Task item: In the entries that follow, which lines hold the string "metres"? List them.

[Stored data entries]
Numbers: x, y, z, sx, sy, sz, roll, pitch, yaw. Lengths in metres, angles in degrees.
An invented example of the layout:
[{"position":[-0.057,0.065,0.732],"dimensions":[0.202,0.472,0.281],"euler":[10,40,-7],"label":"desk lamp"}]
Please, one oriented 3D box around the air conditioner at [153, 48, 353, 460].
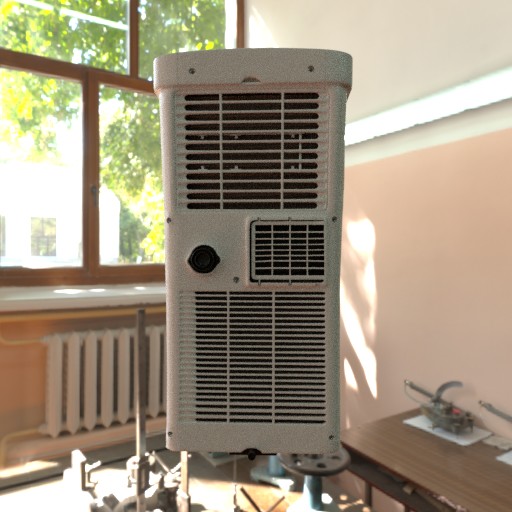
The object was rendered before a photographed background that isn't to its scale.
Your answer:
[{"position":[0.000,0.000,0.932],"dimensions":[0.352,0.716,0.369],"euler":[0,0,3],"label":"air conditioner"}]
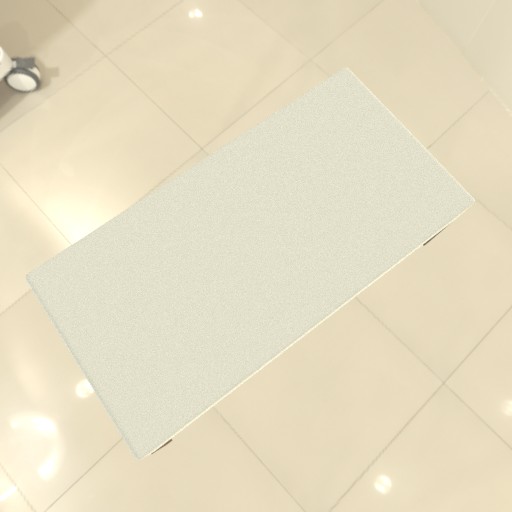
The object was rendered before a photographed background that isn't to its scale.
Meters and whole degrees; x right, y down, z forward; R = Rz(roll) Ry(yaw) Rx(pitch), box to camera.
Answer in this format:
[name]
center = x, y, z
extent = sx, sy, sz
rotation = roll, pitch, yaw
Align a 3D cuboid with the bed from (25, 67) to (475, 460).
[bed]
center = 0.000, 0.000, 2.327
extent = 1.902, 0.616, 0.961
rotation = -36, 76, -10
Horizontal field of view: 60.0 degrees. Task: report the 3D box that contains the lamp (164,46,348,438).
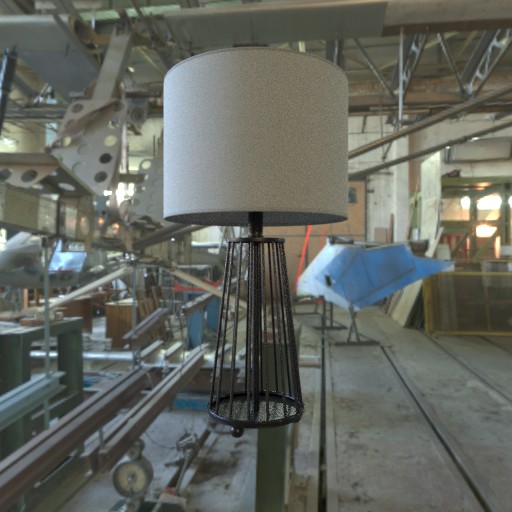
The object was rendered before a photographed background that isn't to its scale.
[{"bbox_3d":[0.000,0.000,0.788,0.322,0.593,0.322,0,0,-37],"label":"lamp"}]
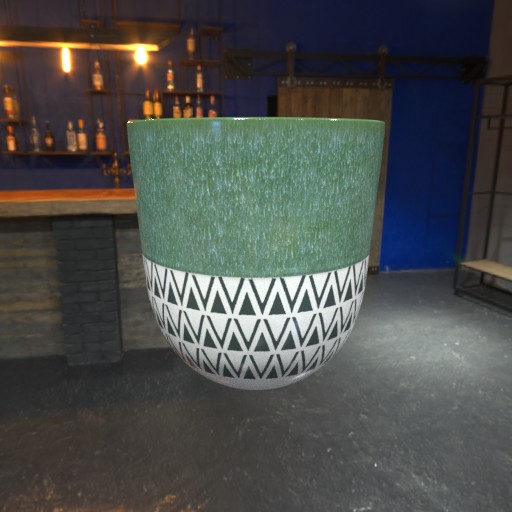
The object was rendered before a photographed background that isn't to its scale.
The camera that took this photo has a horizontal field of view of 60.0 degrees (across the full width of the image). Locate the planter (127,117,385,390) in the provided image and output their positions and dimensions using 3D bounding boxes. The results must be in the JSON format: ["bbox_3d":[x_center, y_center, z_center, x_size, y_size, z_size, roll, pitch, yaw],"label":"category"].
[{"bbox_3d":[0.000,0.000,0.373,0.195,0.214,0.195,0,15,0],"label":"planter"}]
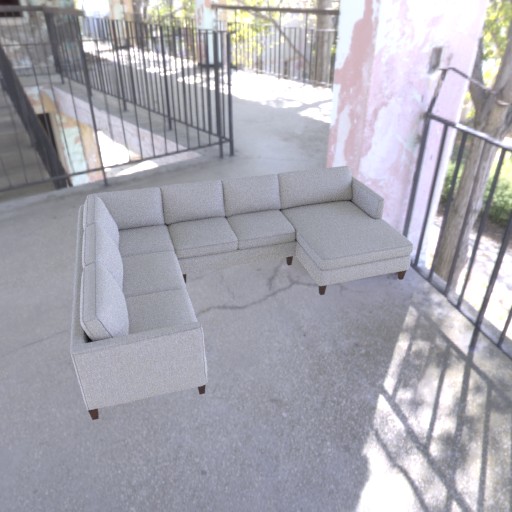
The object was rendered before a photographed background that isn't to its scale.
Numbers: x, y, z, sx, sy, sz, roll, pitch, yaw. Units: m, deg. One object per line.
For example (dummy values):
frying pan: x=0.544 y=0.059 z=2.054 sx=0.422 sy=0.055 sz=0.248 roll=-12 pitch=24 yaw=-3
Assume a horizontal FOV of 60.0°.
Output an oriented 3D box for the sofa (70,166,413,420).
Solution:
sofa: x=0.000 y=0.000 z=4.518 sx=3.403 sy=0.889 sz=2.551 roll=-9 pitch=32 yaw=-15
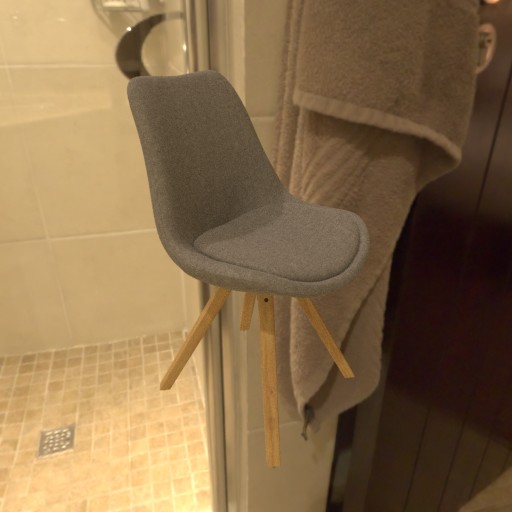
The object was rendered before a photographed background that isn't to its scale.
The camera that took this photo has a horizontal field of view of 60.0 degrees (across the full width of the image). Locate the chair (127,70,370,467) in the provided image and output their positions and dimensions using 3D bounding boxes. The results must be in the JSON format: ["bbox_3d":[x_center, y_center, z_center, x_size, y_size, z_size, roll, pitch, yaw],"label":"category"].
[{"bbox_3d":[0.000,0.000,1.162,0.550,0.865,0.483,19,33,33],"label":"chair"}]
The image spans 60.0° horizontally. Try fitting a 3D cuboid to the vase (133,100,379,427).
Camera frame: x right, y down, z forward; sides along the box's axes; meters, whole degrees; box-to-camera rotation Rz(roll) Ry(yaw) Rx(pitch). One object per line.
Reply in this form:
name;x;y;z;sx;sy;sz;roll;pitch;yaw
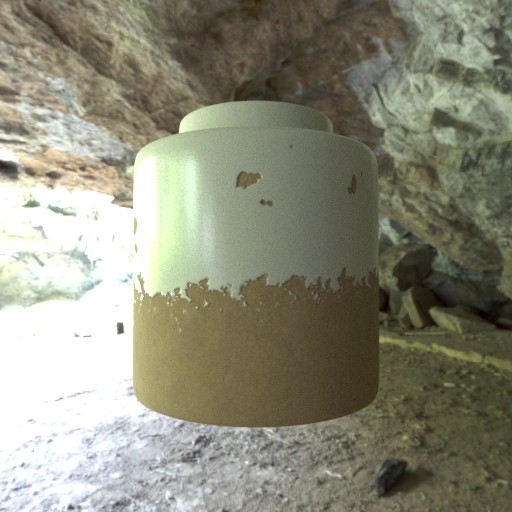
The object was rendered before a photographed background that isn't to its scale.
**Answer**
vase;0.000;0.000;0.286;0.153;0.167;0.153;0;-1;0
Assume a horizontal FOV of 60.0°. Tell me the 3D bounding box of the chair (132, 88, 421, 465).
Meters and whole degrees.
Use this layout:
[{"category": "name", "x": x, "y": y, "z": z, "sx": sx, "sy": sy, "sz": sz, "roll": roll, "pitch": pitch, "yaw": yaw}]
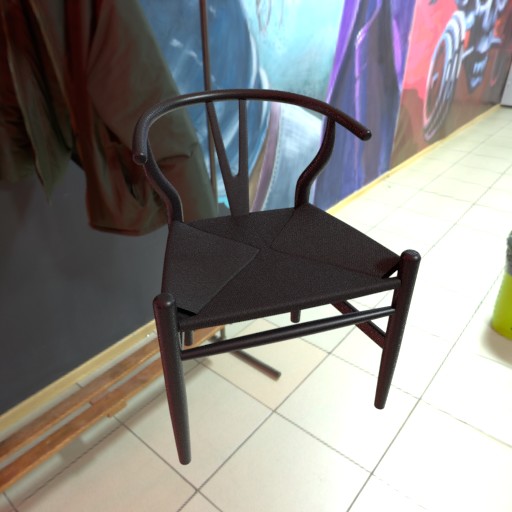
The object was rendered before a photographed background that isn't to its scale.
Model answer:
[{"category": "chair", "x": 0.000, "y": 0.000, "z": 1.155, "sx": 0.569, "sy": 0.730, "sz": 0.579, "roll": -9, "pitch": 32, "yaw": -15}]
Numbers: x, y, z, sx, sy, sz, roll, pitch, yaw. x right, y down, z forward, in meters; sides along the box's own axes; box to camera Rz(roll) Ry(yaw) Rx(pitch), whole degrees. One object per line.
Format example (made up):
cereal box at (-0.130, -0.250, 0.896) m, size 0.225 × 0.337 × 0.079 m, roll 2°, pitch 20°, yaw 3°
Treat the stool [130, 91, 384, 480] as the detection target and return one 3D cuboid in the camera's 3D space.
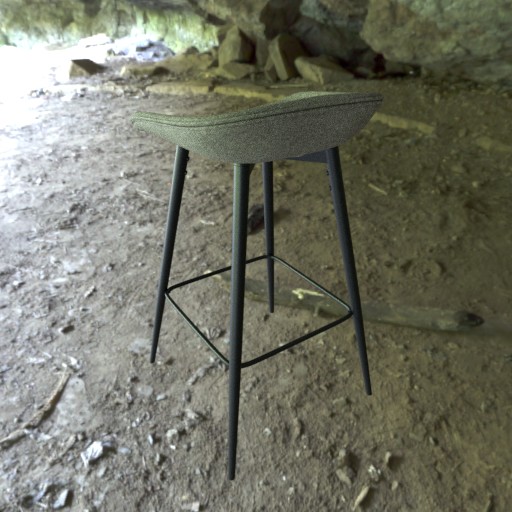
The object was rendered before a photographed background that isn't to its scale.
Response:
stool at (0.000, 0.000, 1.103) m, size 0.469 × 0.814 × 0.480 m, roll -18°, pitch 34°, yaw -29°
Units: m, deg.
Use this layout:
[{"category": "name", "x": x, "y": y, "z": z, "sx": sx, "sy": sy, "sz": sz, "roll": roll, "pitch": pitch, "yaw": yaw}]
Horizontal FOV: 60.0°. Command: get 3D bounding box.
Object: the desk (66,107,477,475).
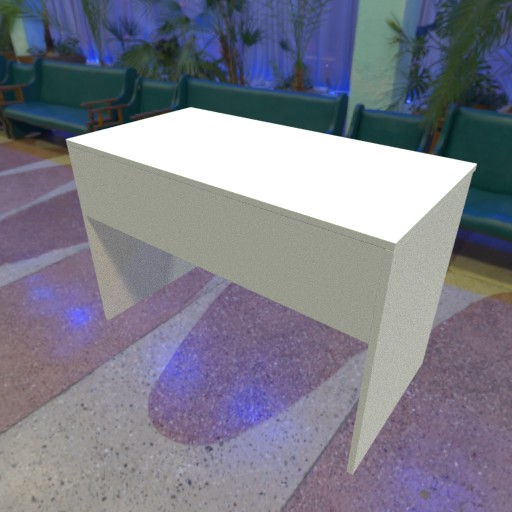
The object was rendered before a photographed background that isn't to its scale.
[{"category": "desk", "x": 0.000, "y": 0.000, "z": 1.502, "sx": 1.100, "sy": 0.730, "sz": 0.560, "roll": 22, "pitch": 37, "yaw": 32}]
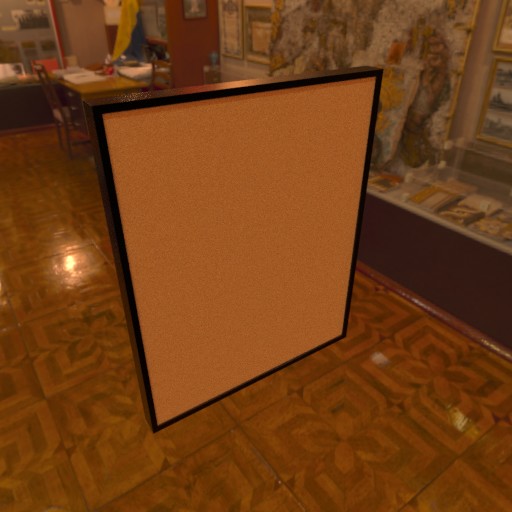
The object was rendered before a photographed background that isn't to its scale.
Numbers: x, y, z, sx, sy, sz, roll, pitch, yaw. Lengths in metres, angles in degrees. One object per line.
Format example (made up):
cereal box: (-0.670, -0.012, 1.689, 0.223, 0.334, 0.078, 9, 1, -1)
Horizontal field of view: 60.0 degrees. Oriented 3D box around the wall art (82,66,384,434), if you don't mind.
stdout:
wall art: (0.000, 0.000, 0.744, 0.451, 0.553, 0.039, -19, 36, -28)
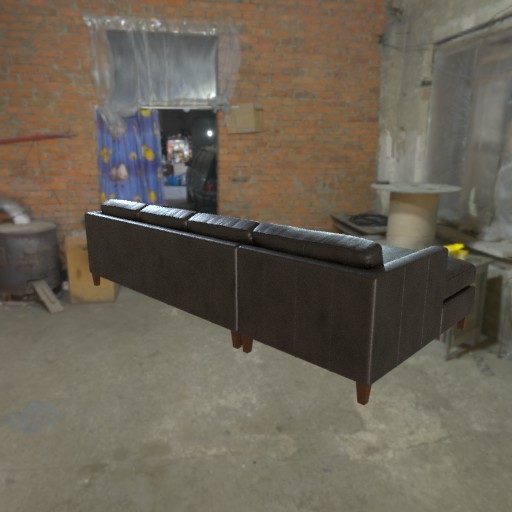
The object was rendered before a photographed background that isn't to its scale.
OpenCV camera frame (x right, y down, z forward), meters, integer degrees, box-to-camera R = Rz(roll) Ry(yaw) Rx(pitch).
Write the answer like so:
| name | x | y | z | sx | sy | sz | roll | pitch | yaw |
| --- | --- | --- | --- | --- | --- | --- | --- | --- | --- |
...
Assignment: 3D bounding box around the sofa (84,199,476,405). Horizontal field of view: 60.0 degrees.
| name | x | y | z | sx | sy | sz | roll | pitch | yaw |
| --- | --- | --- | --- | --- | --- | --- | --- | --- | --- |
| sofa | 0.000 | 0.000 | 3.900 | 3.203 | 0.883 | 1.581 | 13 | 19 | 43 |
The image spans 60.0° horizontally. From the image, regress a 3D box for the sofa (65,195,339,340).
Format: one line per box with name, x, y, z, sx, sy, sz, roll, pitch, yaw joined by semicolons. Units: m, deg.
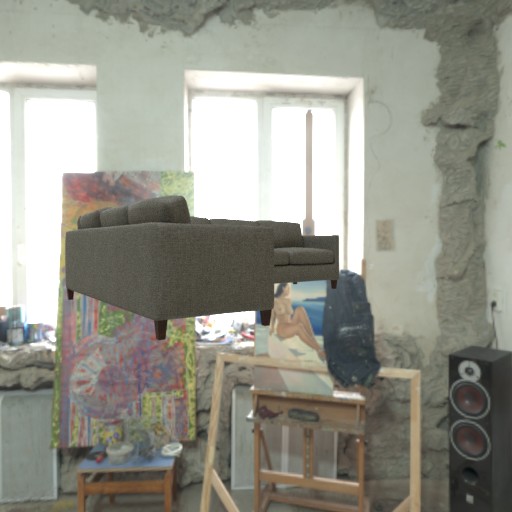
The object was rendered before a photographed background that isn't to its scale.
sofa;0.000;0.000;4.702;3.302;0.947;2.593;-1;2;-35
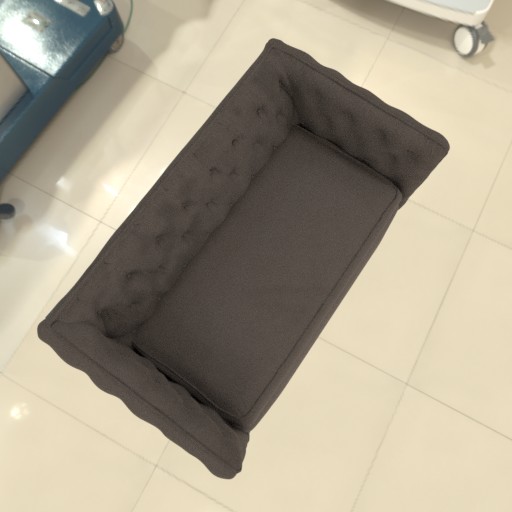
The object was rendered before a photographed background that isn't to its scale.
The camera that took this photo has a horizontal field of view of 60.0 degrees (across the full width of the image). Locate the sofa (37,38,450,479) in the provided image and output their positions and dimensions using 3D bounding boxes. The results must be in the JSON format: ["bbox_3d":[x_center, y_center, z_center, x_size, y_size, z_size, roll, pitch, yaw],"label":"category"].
[{"bbox_3d":[0.000,0.000,2.048,0.909,0.810,1.583,34,78,8],"label":"sofa"}]
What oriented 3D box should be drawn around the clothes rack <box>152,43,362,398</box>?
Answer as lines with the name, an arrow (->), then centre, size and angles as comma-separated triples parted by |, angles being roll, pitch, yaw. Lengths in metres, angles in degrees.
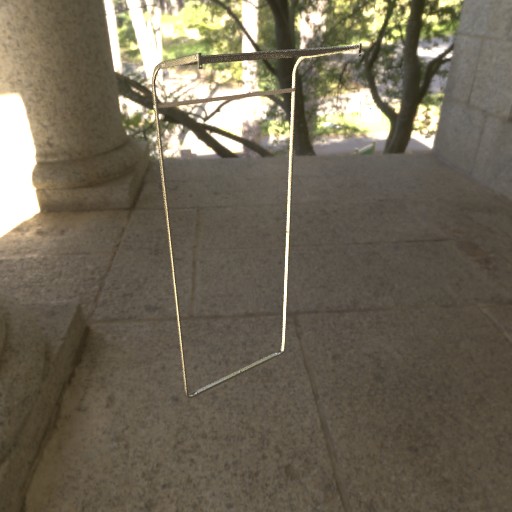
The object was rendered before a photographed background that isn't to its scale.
clothes rack -> 0.000, 0.000, 1.817 | 0.609, 1.574, 0.349 | -19, 35, -29
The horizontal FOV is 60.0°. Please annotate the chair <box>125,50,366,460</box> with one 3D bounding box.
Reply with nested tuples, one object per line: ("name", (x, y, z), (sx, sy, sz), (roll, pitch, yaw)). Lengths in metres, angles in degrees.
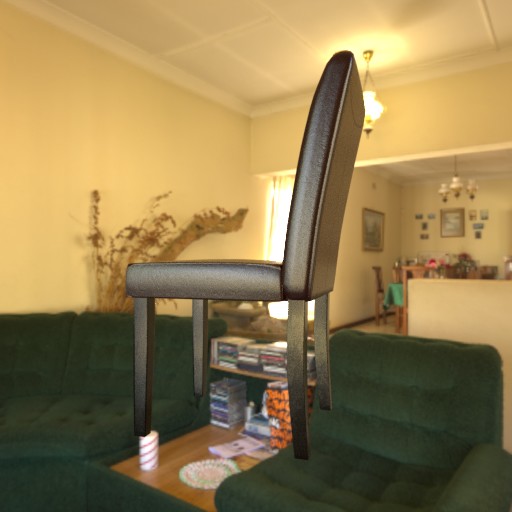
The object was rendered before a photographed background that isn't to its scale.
("chair", (0.000, 0.000, 1.198), (0.556, 0.897, 0.399), (0, -1, 18))
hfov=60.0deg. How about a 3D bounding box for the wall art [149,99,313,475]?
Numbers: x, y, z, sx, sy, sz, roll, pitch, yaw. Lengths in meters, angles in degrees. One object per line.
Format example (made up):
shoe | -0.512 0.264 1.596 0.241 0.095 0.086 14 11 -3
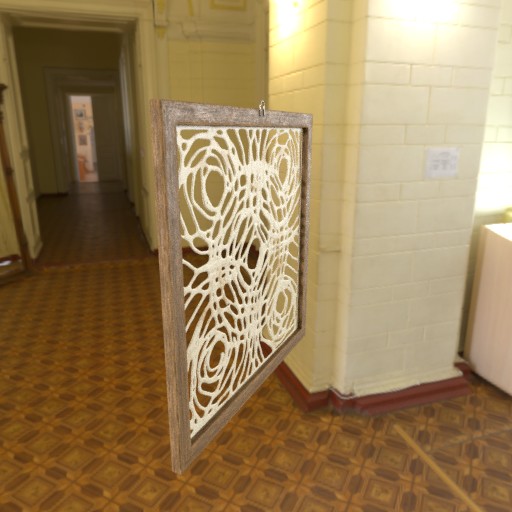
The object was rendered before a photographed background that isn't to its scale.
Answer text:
wall art | 0.000 0.000 0.866 0.021 0.576 0.561 8 17 25
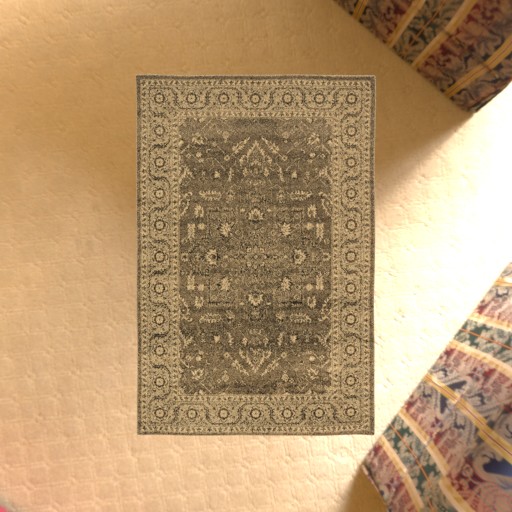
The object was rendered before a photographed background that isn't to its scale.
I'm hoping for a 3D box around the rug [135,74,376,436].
[{"bbox_3d":[0.000,0.000,2.239,1.209,0.019,1.828,0,91,0],"label":"rug"}]
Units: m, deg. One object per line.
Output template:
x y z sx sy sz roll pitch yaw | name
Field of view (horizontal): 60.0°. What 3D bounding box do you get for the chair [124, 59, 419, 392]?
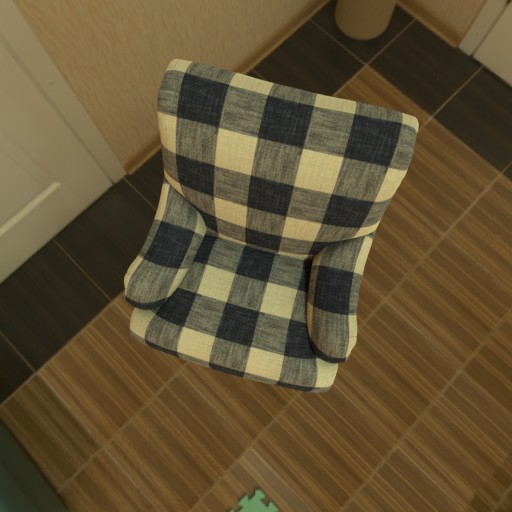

Output:
Numbers: x, y, z, sx, sy, sz, roll, pitch, yaw. Lengths in metres, angles in degrees.
Numbers: x, y, z, sx, sy, sz, roll, pitch, yaw. Lengths in metres, angles in degrees. One object per line.
Answer as lines with the name, an arrow (->), then centre, size and angles as comma-separated triples parted by |, angles being roll, pitch, yaw. Lengths in metres, angles in degrees.
Reply with nested tuples, one object per line: ("name", (x, y, z), (sx, sy, sz), (roll, pitch, yaw)). Lengths in metres, angles in degrees.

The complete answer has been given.